Ben: Spiritually, I could’ve told you about the influence that Dr. Dre had on even me as a kid, but I had no idea about his influence on a wider societal level.
DXR: Ha! It’s not to say the epidemic ended because of Dre. Rather, it ended because of young people.
The crack epidemic was a trend, and just like any other trend, it had to be taken up by subsequent cohorts. Beginning in the early ‘90s, young people of color looked at the devastation in their communities, and collectively, culturally, they stopped using crack. The epidemic took off around 1983, reached its peak in 1990, and ended abruptly in the mid-90s because there were few new crack users.
Young Black and Latino people still don’t use hard drugs like cocaine or opioids at the same rate as their white counterparts. Many scientists and researchers believe there is a protective buffer from the crack epidemic that has kept those young people from reengaging with harder substances.
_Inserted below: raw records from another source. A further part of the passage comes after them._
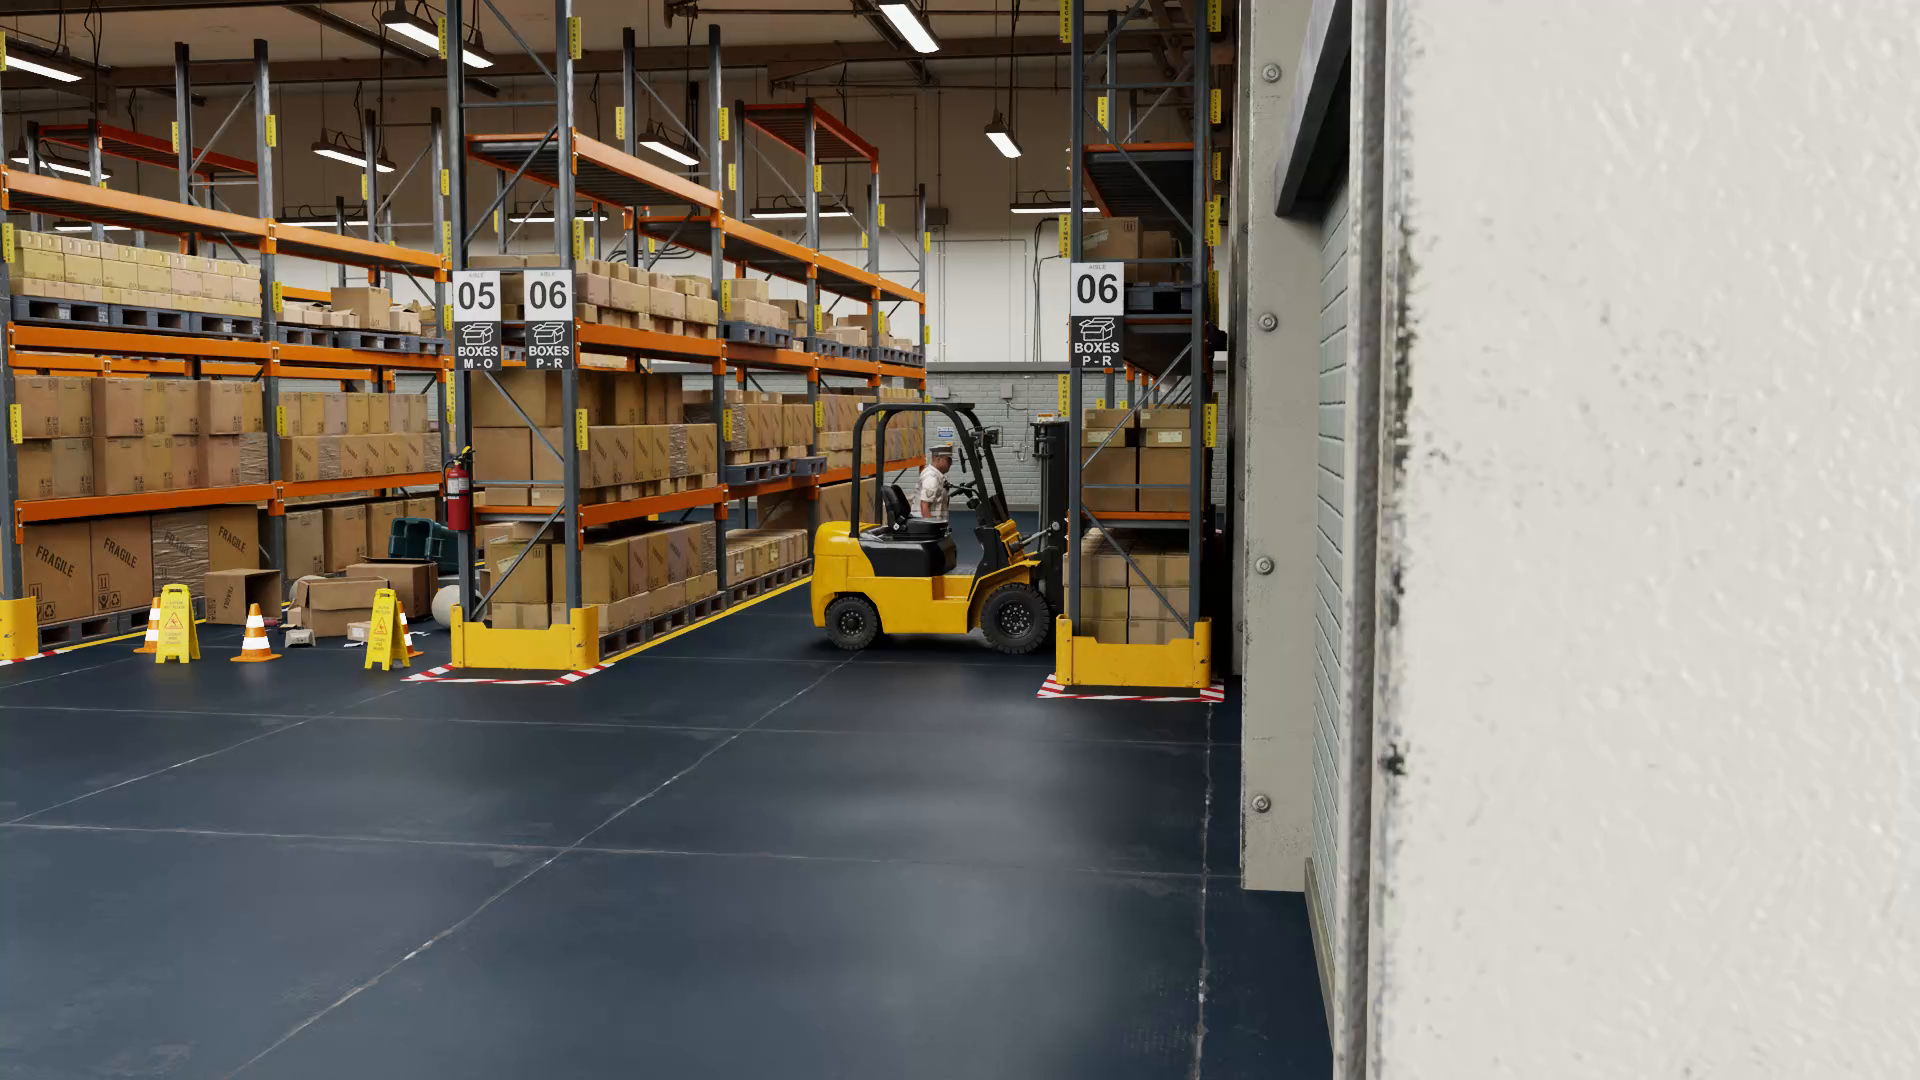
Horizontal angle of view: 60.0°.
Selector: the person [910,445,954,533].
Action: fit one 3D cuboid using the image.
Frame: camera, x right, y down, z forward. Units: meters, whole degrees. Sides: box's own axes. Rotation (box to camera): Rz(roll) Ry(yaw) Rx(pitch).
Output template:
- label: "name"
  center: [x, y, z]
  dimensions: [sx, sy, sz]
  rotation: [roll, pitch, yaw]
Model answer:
- label: "person"
  center: [-0.269, -0.070, 16.491]
  dimensions: [0.439, 1.747, 0.585]
  rotation: [1, 4, 9]
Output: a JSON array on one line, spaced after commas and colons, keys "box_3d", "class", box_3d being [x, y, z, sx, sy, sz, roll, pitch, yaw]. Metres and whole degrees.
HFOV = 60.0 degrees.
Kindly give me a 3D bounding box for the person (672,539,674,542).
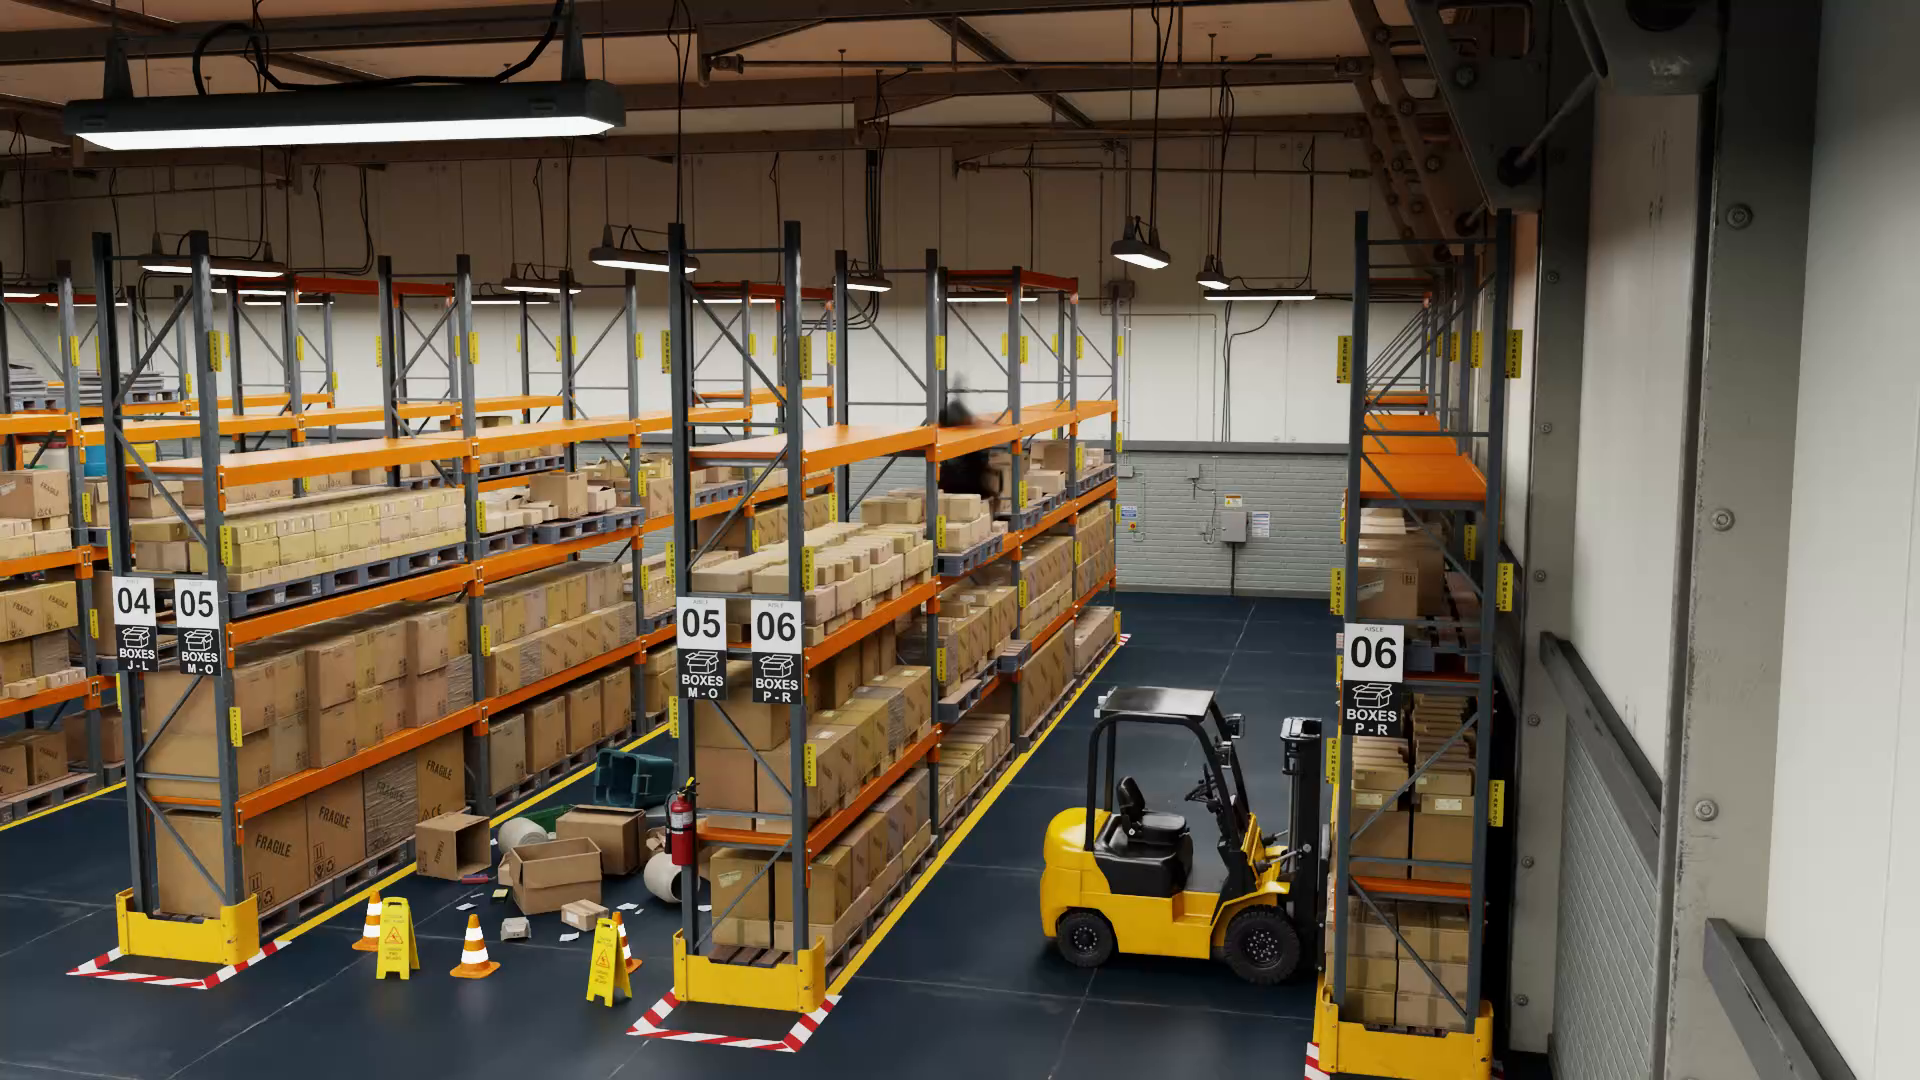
[{"box_3d": [-4.811, 0.856, 28.255, 0.652, 1.824, 0.727, 2, 7, 18], "class": "person"}]
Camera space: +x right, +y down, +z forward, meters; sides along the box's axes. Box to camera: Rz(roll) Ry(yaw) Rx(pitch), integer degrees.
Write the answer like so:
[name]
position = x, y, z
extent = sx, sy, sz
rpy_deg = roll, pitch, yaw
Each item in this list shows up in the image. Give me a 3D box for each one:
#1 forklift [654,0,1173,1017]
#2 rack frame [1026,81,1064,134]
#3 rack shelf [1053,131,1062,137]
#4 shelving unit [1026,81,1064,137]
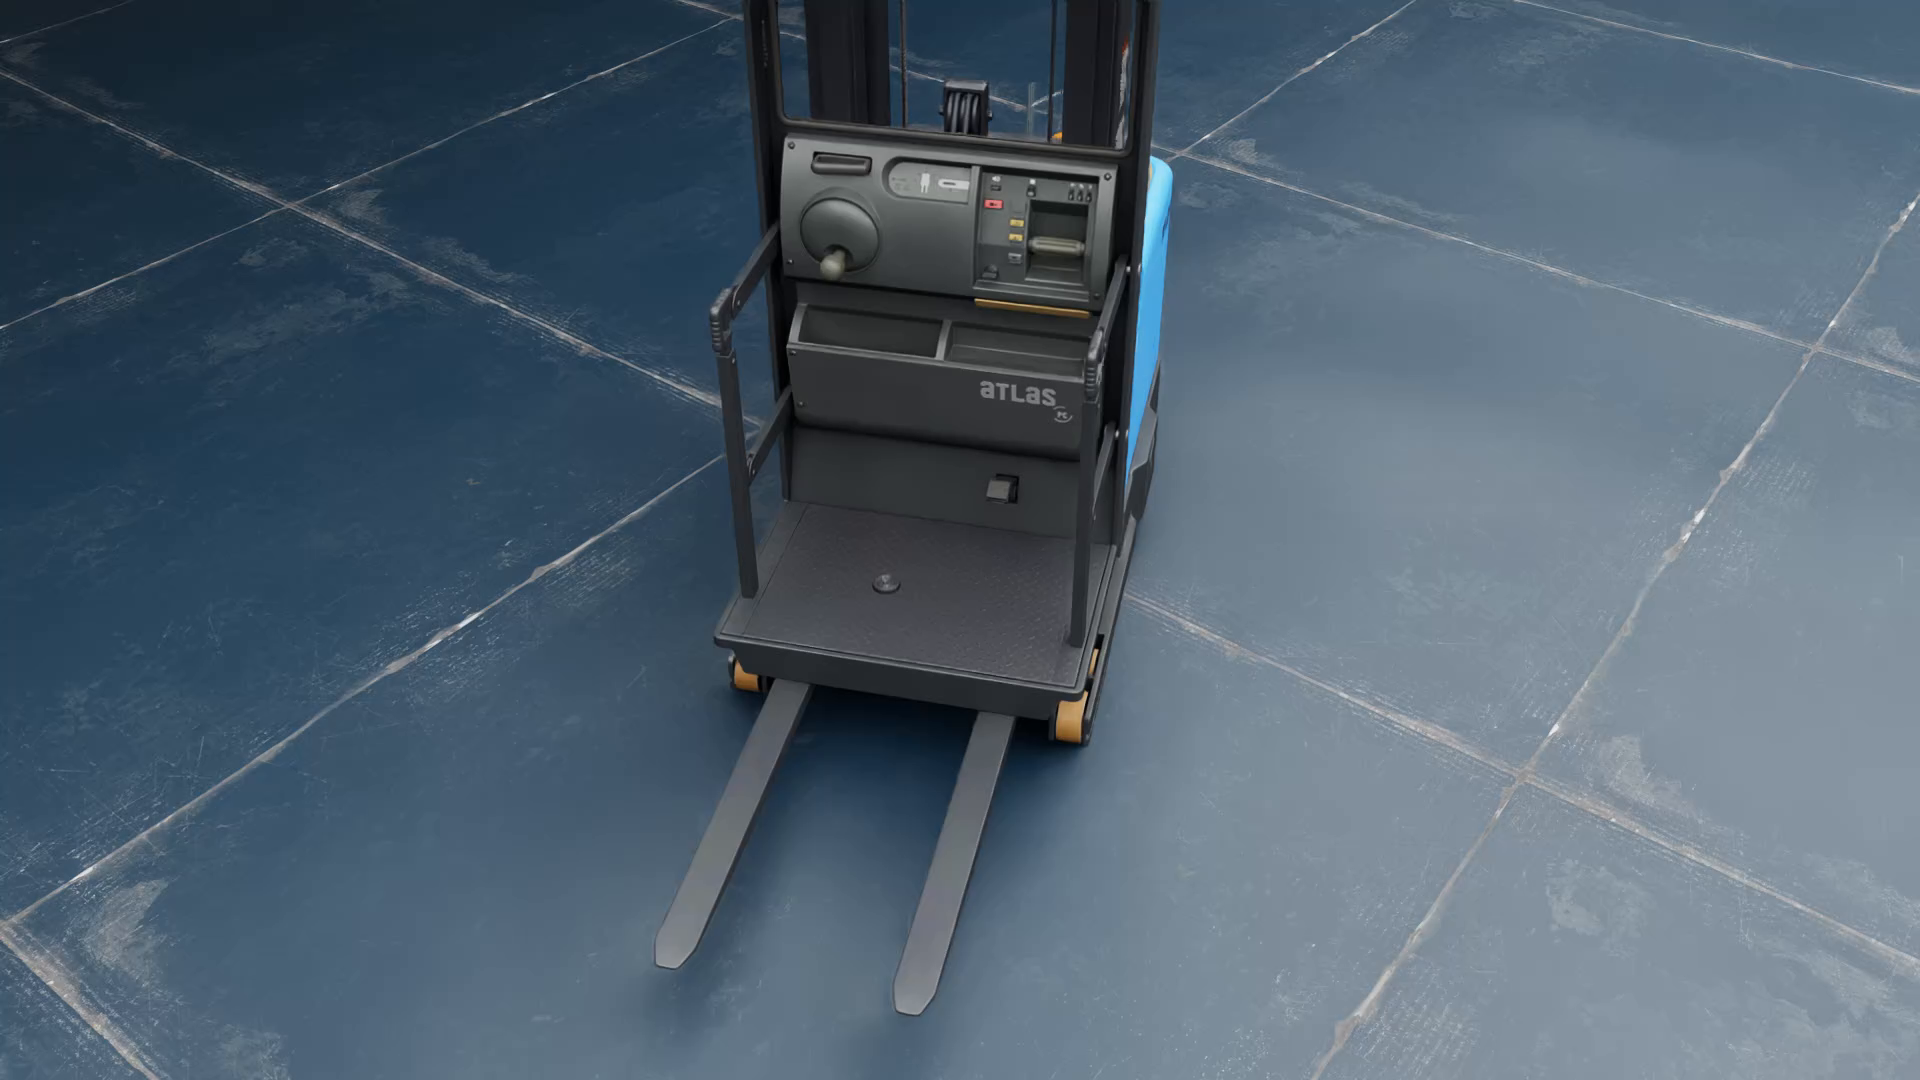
[forklift]
position = -0.086, -0.805, 4.400
extent = 1.130, 2.935, 3.031
rpy_deg = 8, 39, 10
[rack frame]
position = 0.310, -1.180, 6.277
extent = 0.006, 1.200, 0.240
rpy_deg = 28, 44, 31
[rack shelf]
position = 0.385, -1.396, 6.041
extent = 0.180, 0.103, 0.258
rpy_deg = 28, 44, 31
[shelving unit]
position = 0.379, -1.143, 6.230
extent = 0.189, 1.200, 0.258
rpy_deg = 28, 44, 31
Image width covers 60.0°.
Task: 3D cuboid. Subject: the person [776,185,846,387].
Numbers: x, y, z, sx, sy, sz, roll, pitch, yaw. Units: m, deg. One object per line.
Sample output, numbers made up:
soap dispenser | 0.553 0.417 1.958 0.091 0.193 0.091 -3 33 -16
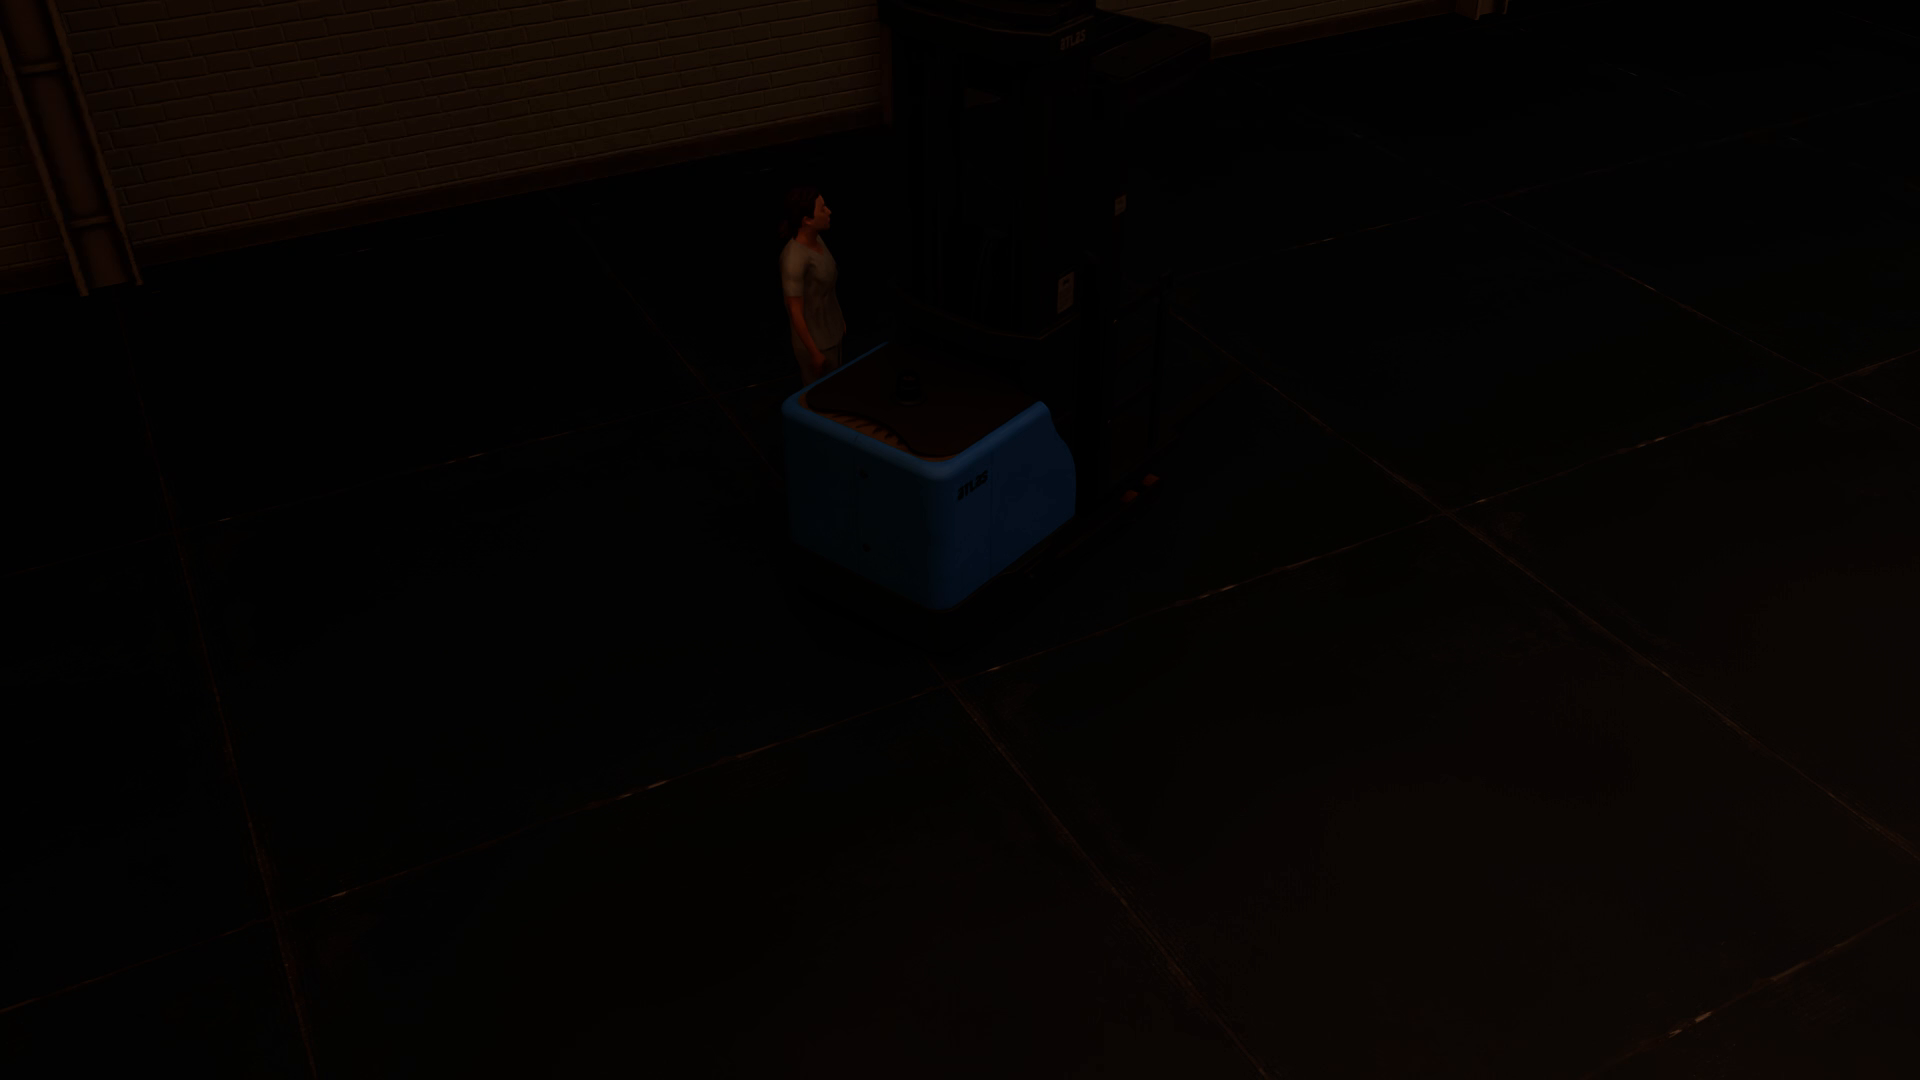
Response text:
person | -0.675 -1.035 8.678 0.522 1.669 0.545 4 36 6

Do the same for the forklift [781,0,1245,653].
forklift | 0.460 -1.456 8.182 1.130 2.935 3.031 25 42 31

I will say that that buffer effect is going away, and sadly, we’re starting to see Black and Latino men now lead overdose deaths related to fentanyl. Enough time has passed that people are starting to forget some of the devastation of the crack epidemic, which is one of the reasons that I wrote the book.
Ben: What a great book it is. Donovan, thanks for sharing the lessons you learned and speaking with me today.
DXR: Thank you so much for having me, Ben.